Melodrama and Meaning is a major addition to the new historical approach to film studies. Barbara Klinger shows how institutions most associated with Hollywood cinema―academia, the film industry, review journalism, star publicity, and the mass media―create meaning and ideological identity for films. Chapters focus on Sirk's place in the development of film studies from the 1950s through the 1980s, as well as the history of the critical reception (both academic and popular) of Sirk's films, a history that outlines journalism's role in public tastemaking. Other chapters are devoted to Universal's selling of Written on the Wind, the machinery of star publicity and the changing image of Rock Hudson, and the contemporary "institutionalized" camp response to Sirk that has resulted from developments in mass culture.
I've only seen one Sirk movie before, an early one from Germany, so I wasn't sure if I'd be missing out on anything major, but thankfully this is more about the subject of film criticism than it is about the individual films Sirk directed.
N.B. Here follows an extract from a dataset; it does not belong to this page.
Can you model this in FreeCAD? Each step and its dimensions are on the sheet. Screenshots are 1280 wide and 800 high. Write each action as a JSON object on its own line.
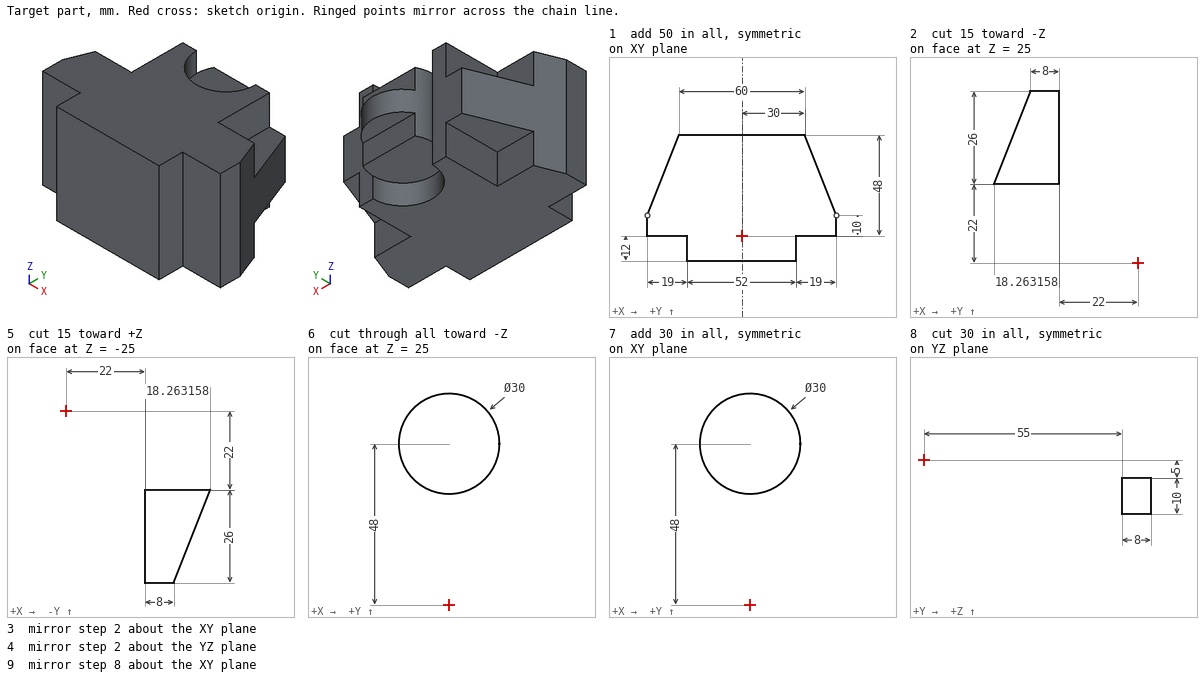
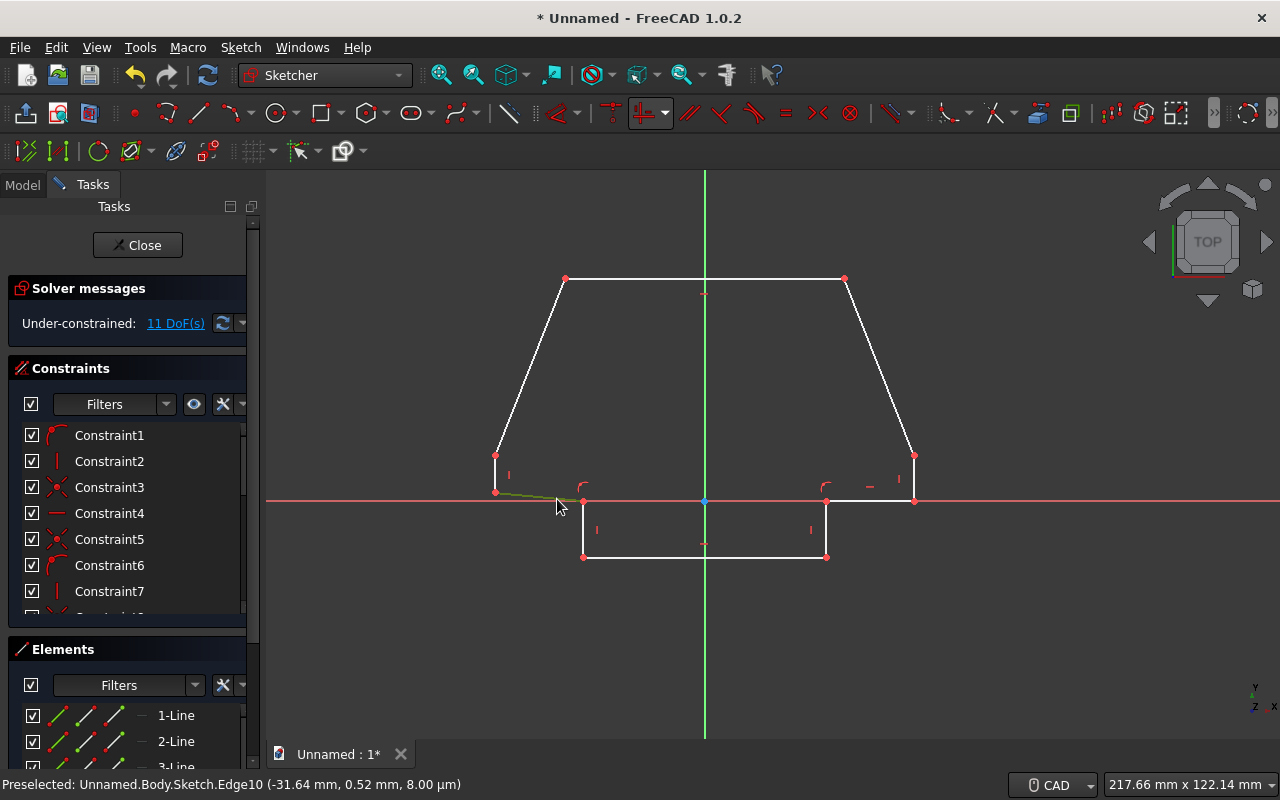
{"action": "left_click", "coordinate": [668, 114]}

This is an interesting look at how films can have different, sometimes contradictory readings over time, using Sirk as an example. His 1950s melodramas for Universal have gone from critically reviled to critically acclaimed and can even be read as camp, and the author basically goes through and looks at how these various different readings happened and why and how that relates to the study of film in general. It's fascinating stuff and the academic writing style isn't overbearingly stuffy or anything so I had a good time.
Really interesting and readable book that looks at how the films of Douglas Sirk have been regarded since their release from different perspectives. This is another book that I wish I'd read as an undergraduate!